## ASSIGNED TASK
Lines from the one containing "bicycle [1136,862,1174,884], please." through the final line of the records are the only ones to copy, and each must match exactly.

## Stored records
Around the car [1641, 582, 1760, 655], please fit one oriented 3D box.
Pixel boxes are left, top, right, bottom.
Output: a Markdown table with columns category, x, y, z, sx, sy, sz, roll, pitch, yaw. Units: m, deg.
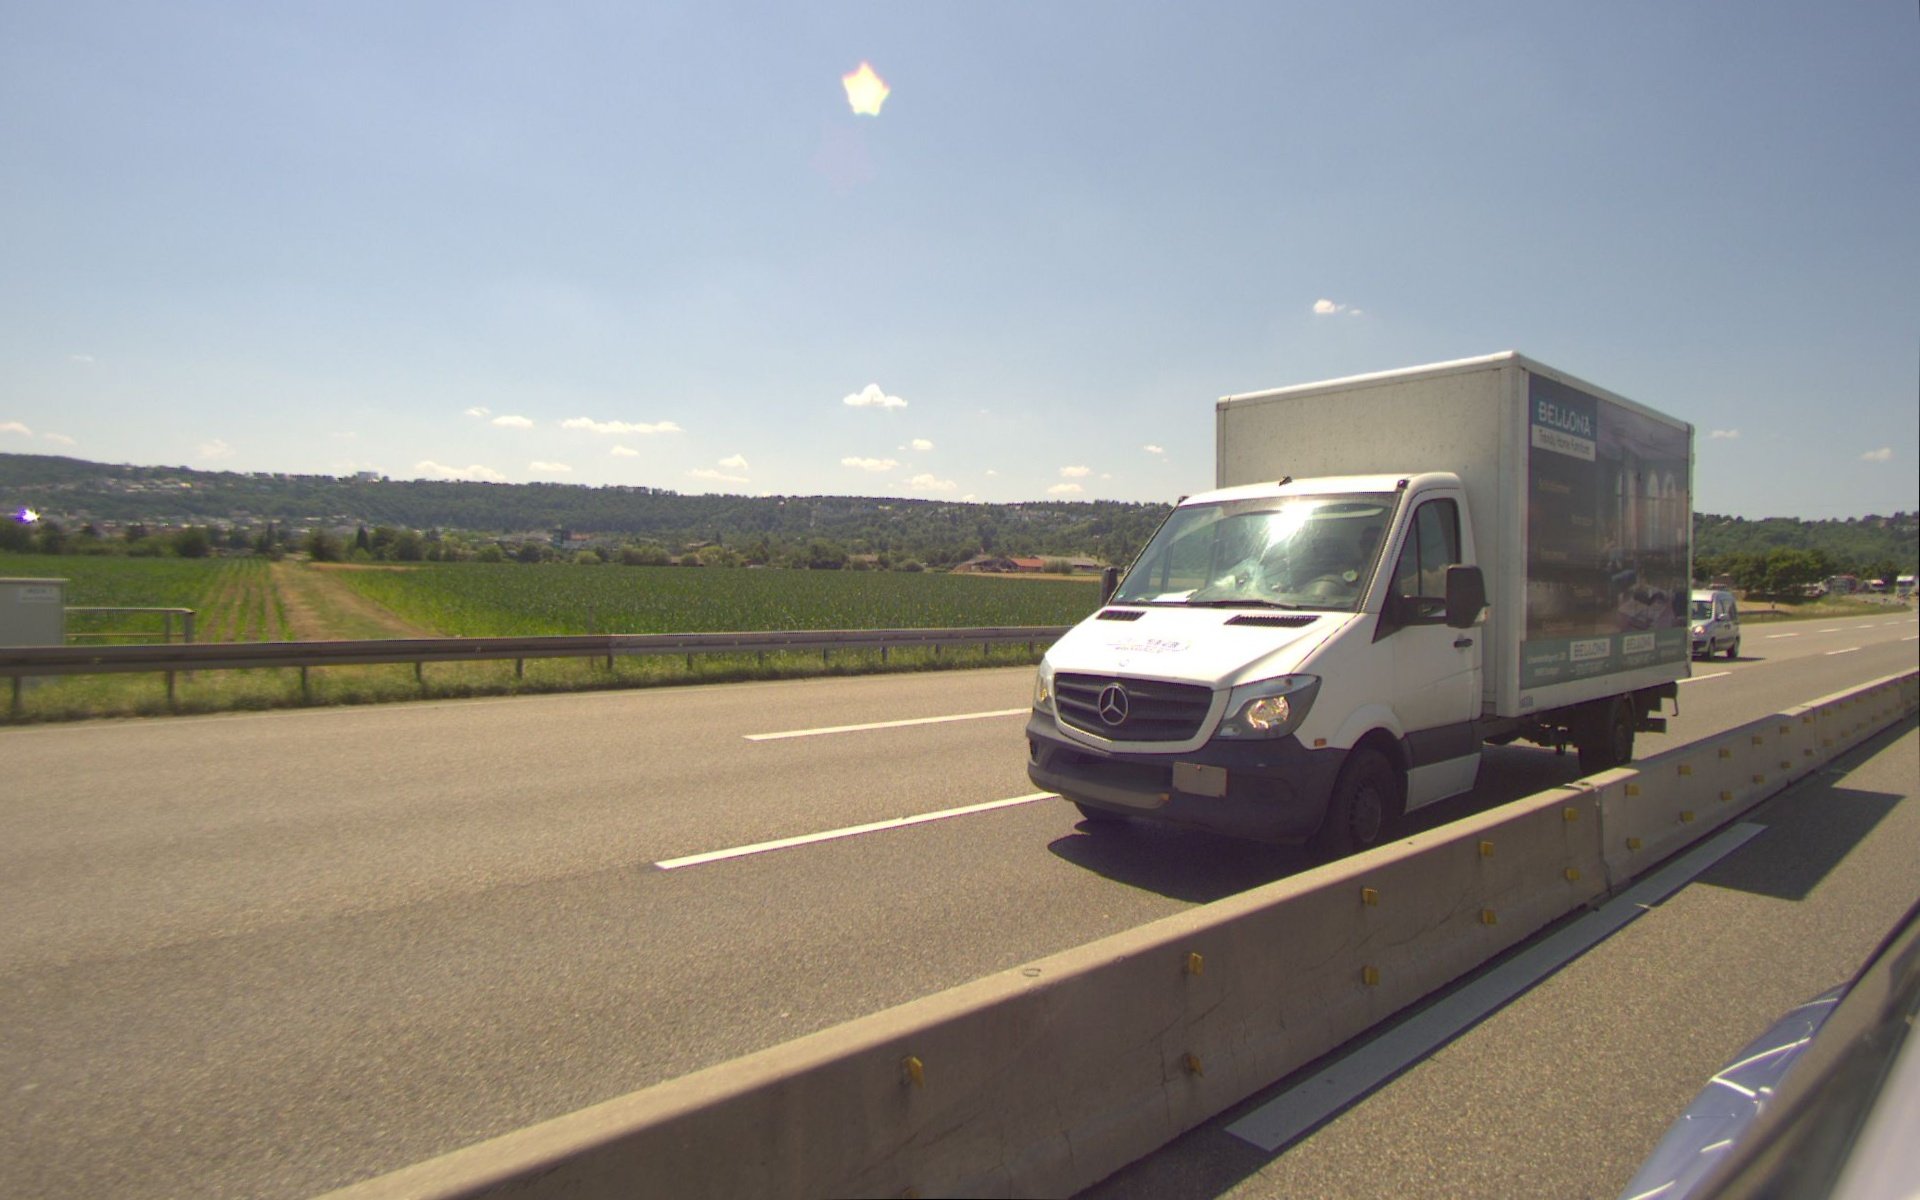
| category | x | y | z | sx | sy | sz | roll | pitch | yaw |
| --- | --- | --- | --- | --- | --- | --- | --- | --- | --- |
| car | 19.107 | 0.454 | 26.074 | 3.902 | 1.759 | 1.630 | 1 | 0 | -40 |

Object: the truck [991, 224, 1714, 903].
| category | x | y | z | sx | sy | sz | roll | pitch | yaw |
| --- | --- | --- | --- | --- | --- | --- | --- | --- | --- |
| truck | 3.455 | -0.156 | 7.699 | 6.632 | 3.106 | 2.325 | 1 | 0 | -41 |
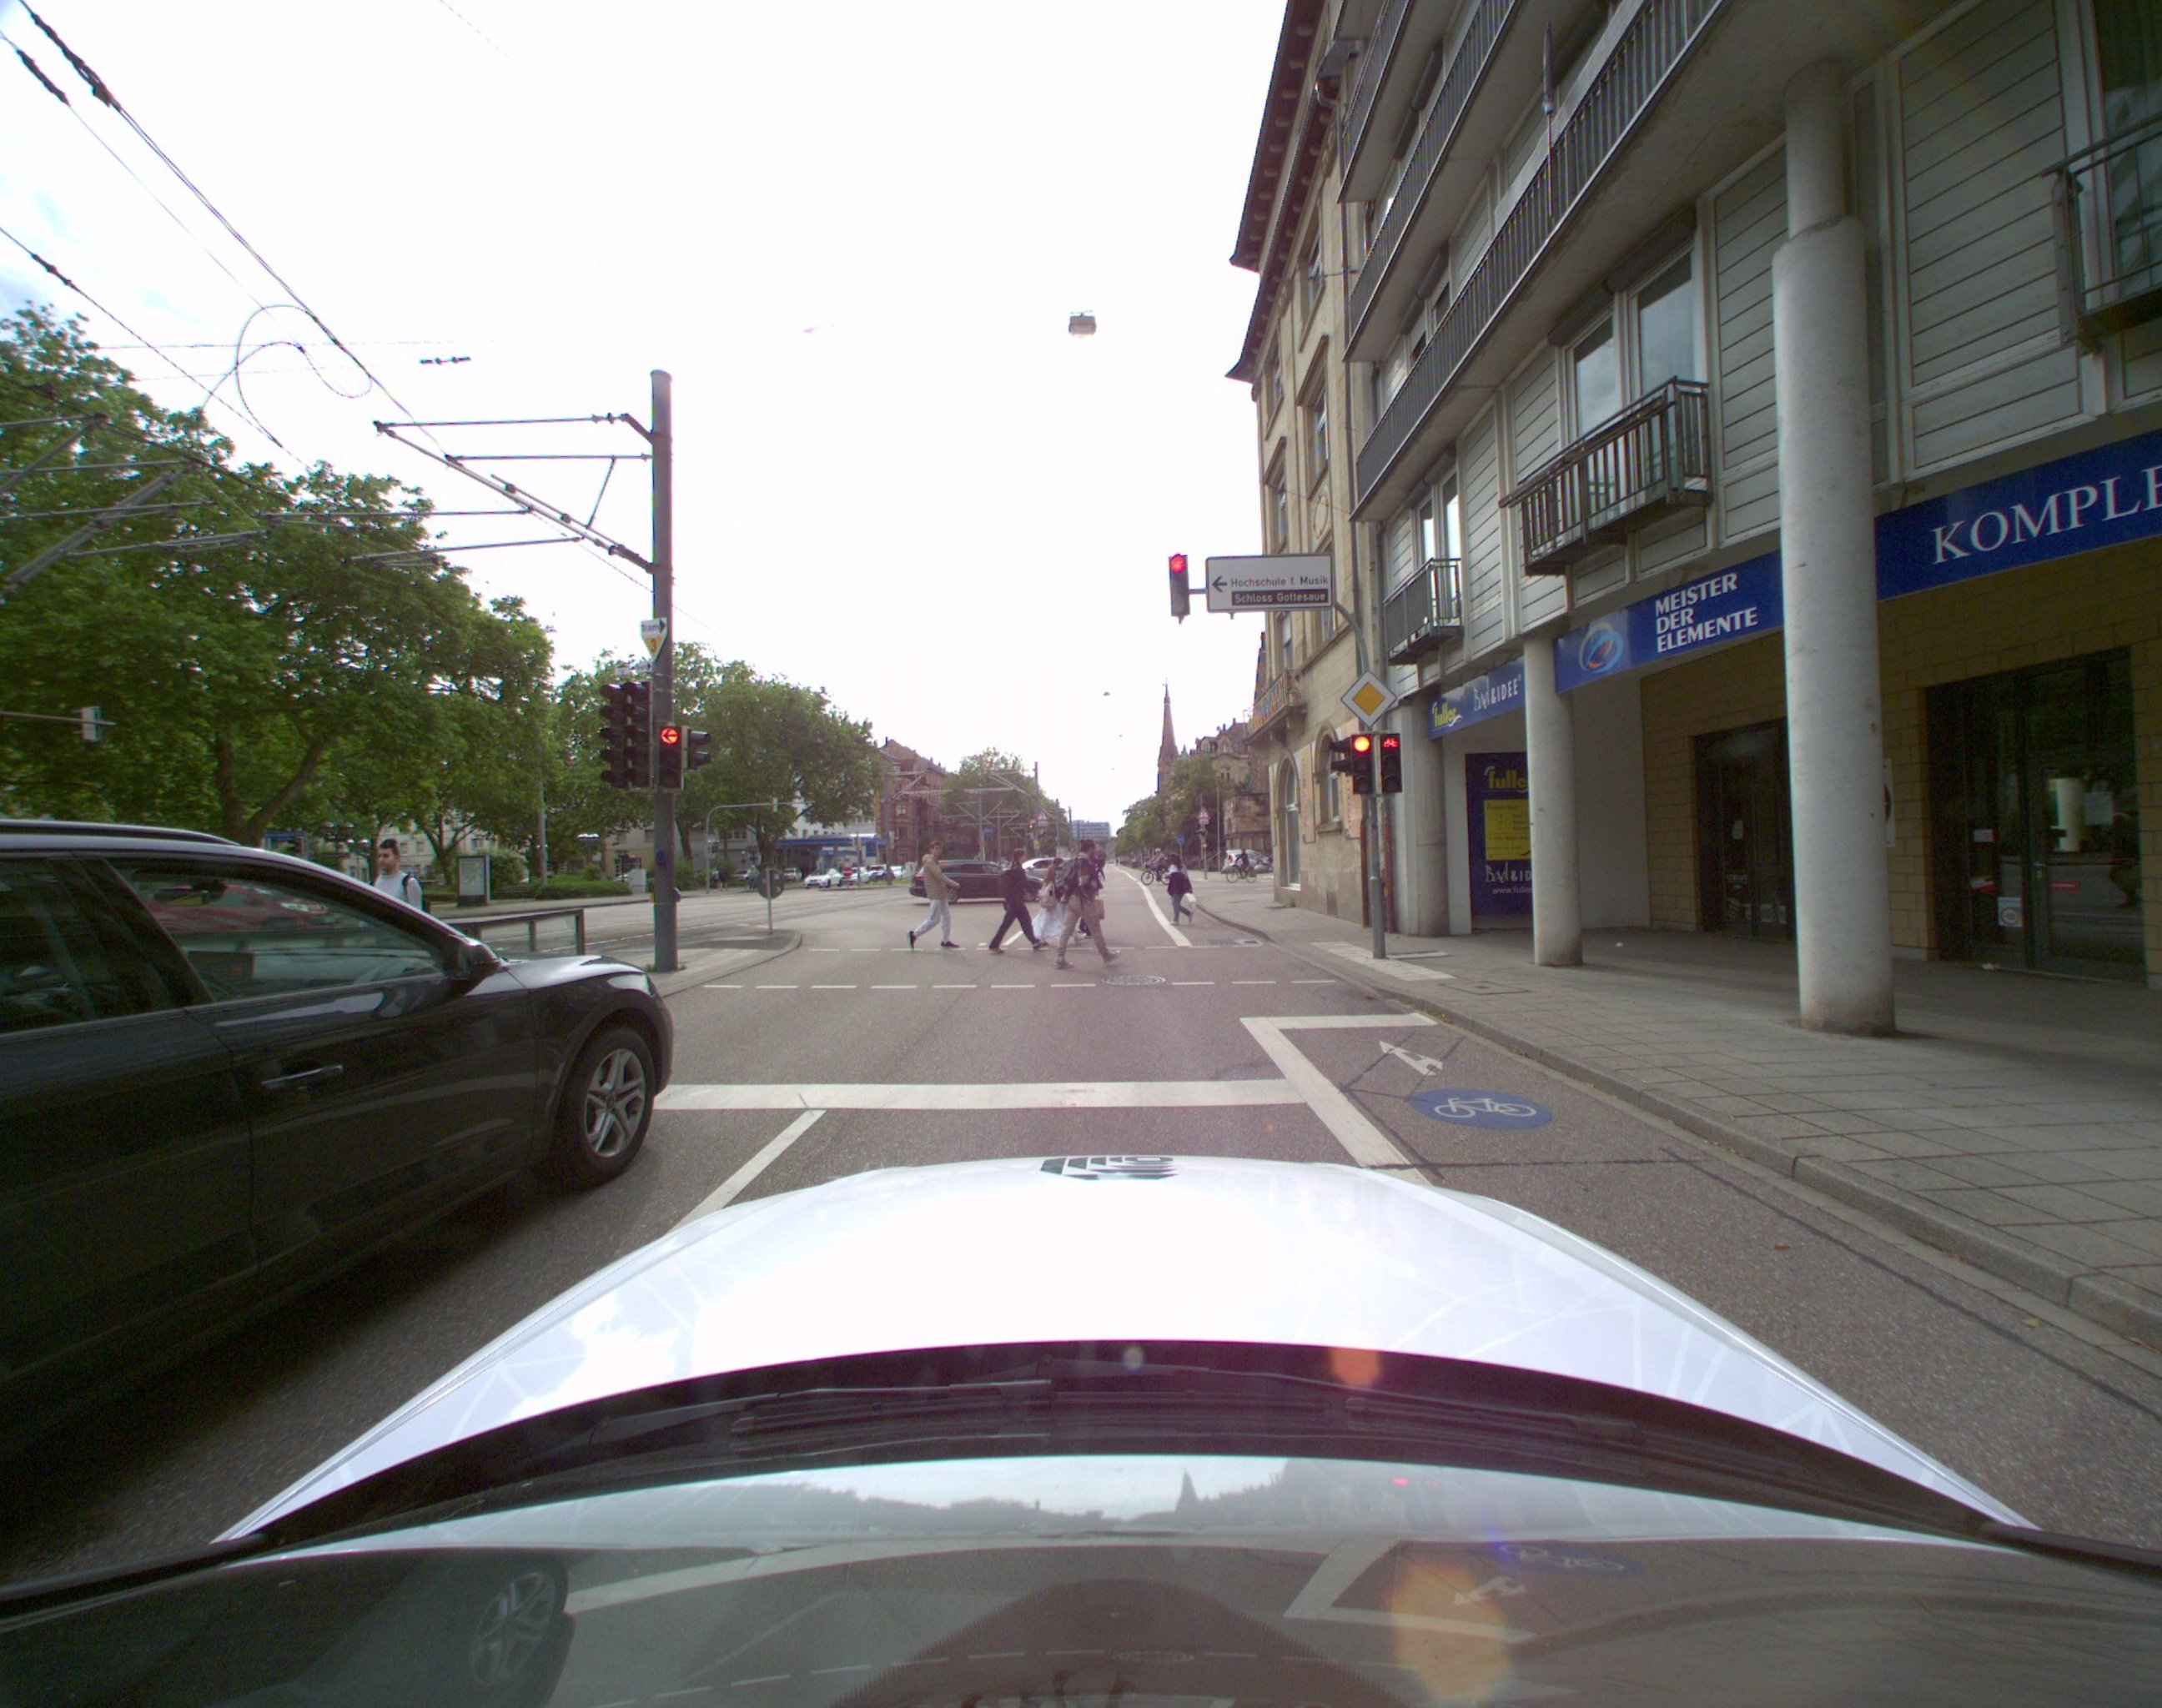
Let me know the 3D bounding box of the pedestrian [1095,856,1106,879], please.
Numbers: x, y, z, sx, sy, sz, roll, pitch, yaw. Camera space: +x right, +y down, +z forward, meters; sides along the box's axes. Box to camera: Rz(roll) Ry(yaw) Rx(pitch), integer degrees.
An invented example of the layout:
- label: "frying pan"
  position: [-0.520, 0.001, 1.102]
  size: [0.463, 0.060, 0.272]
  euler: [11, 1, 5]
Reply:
- label: "pedestrian"
  position: [1.267, 0.878, 53.342]
  size: [0.651, 1.537, 0.465]
  euler: [0, -1, -3]

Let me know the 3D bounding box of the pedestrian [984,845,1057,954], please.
- label: "pedestrian"
  position: [-0.956, 0.697, 12.977]
  size: [0.620, 1.652, 1.003]
  euler: [-1, -1, 39]

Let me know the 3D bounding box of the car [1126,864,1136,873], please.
- label: "car"
  position: [10.609, 3.067, 173.493]
  size: [1.986, 2.014, 4.001]
  euler: [0, -1, 2]

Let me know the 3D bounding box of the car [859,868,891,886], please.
- label: "car"
  position: [-18.732, 2.055, 74.157]
  size: [1.887, 1.557, 3.837]
  euler: [0, -1, 2]

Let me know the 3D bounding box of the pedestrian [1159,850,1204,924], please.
- label: "pedestrian"
  position: [2.326, 0.747, 18.871]
  size: [0.663, 1.680, 0.874]
  euler: [-1, -1, 40]

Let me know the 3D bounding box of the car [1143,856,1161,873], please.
- label: "car"
  position: [8.809, 1.285, 100.801]
  size: [1.986, 2.014, 4.001]
  euler: [0, -1, 1]

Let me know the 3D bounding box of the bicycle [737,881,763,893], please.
- label: "bicycle"
  position: [-22.882, 2.266, 56.328]
  size: [1.665, 0.773, 0.659]
  euler: [-1, -1, 22]

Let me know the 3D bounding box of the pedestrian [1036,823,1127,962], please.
- label: "pedestrian"
  position: [0.017, 0.501, 11.064]
  size: [0.620, 1.779, 1.141]
  euler: [-2, -1, 39]

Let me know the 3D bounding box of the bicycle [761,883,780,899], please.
- label: "bicycle"
  position: [-21.506, 2.570, 56.499]
  size: [0.520, 1.017, 1.937]
  euler: [0, -1, 2]

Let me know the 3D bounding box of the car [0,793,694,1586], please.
- label: "car"
  position: [-3.118, 0.699, 2.314]
  size: [1.873, 1.601, 4.358]
  euler: [-1, -1, 1]

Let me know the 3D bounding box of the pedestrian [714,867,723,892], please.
- label: "pedestrian"
  position: [-25.353, 1.782, 57.021]
  size: [0.370, 1.784, 0.452]
  euler: [-1, -1, 34]

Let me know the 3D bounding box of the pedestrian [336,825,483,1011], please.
- label: "pedestrian"
  position: [-6.297, 0.575, 7.676]
  size: [0.751, 1.661, 0.730]
  euler: [0, -1, 1]

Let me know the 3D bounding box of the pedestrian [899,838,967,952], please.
- label: "pedestrian"
  position: [-2.445, 0.653, 13.411]
  size: [1.015, 1.813, 0.580]
  euler: [0, -1, -22]

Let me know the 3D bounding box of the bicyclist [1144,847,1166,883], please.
- label: "bicyclist"
  position: [3.805, 0.555, 41.994]
  size: [0.970, 1.819, 0.527]
  euler: [0, -1, -27]

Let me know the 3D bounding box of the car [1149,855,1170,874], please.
- label: "car"
  position: [8.805, 1.196, 91.543]
  size: [1.986, 2.014, 4.001]
  euler: [0, -1, 1]

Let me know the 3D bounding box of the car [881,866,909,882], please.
- label: "car"
  position: [-18.436, 1.950, 80.869]
  size: [1.887, 1.557, 3.837]
  euler: [0, -1, 2]

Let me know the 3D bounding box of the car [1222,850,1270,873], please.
- label: "car"
  position: [14.019, 0.643, 69.311]
  size: [3.785, 1.904, 2.001]
  euler: [0, -1, 1]

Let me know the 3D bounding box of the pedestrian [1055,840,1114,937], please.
- label: "pedestrian"
  position: [0.066, 0.637, 15.471]
  size: [0.906, 1.784, 0.651]
  euler: [-1, -1, 39]

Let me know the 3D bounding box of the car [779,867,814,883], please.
- label: "car"
  position: [-28.754, 2.113, 82.478]
  size: [1.986, 1.530, 4.001]
  euler: [0, -1, 2]

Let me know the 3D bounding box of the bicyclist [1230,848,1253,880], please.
- label: "bicyclist"
  position: [8.698, 0.547, 44.027]
  size: [1.041, 1.683, 0.641]
  euler: [0, -1, -19]

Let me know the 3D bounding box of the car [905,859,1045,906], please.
- label: "car"
  position: [-3.637, 0.935, 27.986]
  size: [4.452, 1.510, 1.824]
  euler: [0, -1, -24]

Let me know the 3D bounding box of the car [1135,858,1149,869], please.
- label: "car"
  position: [9.694, 1.482, 129.612]
  size: [1.986, 1.607, 4.165]
  euler: [-3, -1, 1]

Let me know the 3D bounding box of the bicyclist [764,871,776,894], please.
- label: "bicyclist"
  position: [-21.538, 1.966, 56.384]
  size: [0.585, 1.567, 0.619]
  euler: [0, -1, 1]

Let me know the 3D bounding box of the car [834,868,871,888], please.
- label: "car"
  position: [-18.815, 1.988, 67.161]
  size: [1.887, 1.557, 3.837]
  euler: [0, -1, 2]

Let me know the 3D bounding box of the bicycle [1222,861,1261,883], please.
- label: "bicycle"
  position: [8.680, 0.952, 44.002]
  size: [1.943, 1.135, 0.731]
  euler: [0, -1, -19]

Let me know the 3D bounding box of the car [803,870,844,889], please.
- label: "car"
  position: [-19.144, 1.908, 60.723]
  size: [1.628, 1.325, 4.001]
  euler: [0, -1, 2]

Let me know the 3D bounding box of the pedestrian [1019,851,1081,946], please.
- label: "pedestrian"
  position: [-0.536, 0.753, 14.187]
  size: [0.693, 1.593, 0.836]
  euler: [-1, -1, 39]

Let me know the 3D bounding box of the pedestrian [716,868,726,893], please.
- label: "pedestrian"
  position: [-25.168, 1.842, 56.925]
  size: [0.370, 1.784, 0.555]
  euler: [-1, -1, 33]

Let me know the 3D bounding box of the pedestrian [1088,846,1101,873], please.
- label: "pedestrian"
  position: [0.855, 0.339, 51.317]
  size: [0.848, 1.654, 0.508]
  euler: [0, -1, -1]

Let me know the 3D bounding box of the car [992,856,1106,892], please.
- label: "car"
  position: [-1.433, 0.879, 36.299]
  size: [4.734, 1.510, 1.826]
  euler: [0, -1, -20]

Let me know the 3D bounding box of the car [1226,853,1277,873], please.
- label: "car"
  position: [13.750, 0.720, 65.903]
  size: [3.785, 1.601, 2.001]
  euler: [0, -1, 1]

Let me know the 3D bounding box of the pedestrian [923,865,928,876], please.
- label: "pedestrian"
  position: [-21.981, 2.335, 115.217]
  size: [0.447, 1.460, 0.529]
  euler: [-1, -1, 31]

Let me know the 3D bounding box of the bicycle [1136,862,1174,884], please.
- label: "bicycle"
  position: [3.839, 0.965, 41.991]
  size: [1.910, 1.142, 0.623]
  euler: [0, -1, -28]

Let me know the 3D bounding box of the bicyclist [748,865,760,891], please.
- label: "bicyclist"
  position: [-22.602, 1.689, 56.282]
  size: [0.528, 1.784, 0.472]
  euler: [-1, -1, 21]

## RESULT
Let me know the 3D bounding box of the bicycle [1136,862,1174,884], please.
- label: "bicycle"
  position: [3.839, 0.965, 41.991]
  size: [1.910, 1.142, 0.623]
  euler: [0, -1, -28]

Let me know the 3D bounding box of the bicyclist [748,865,760,891], please.
- label: "bicyclist"
  position: [-22.602, 1.689, 56.282]
  size: [0.528, 1.784, 0.472]
  euler: [-1, -1, 21]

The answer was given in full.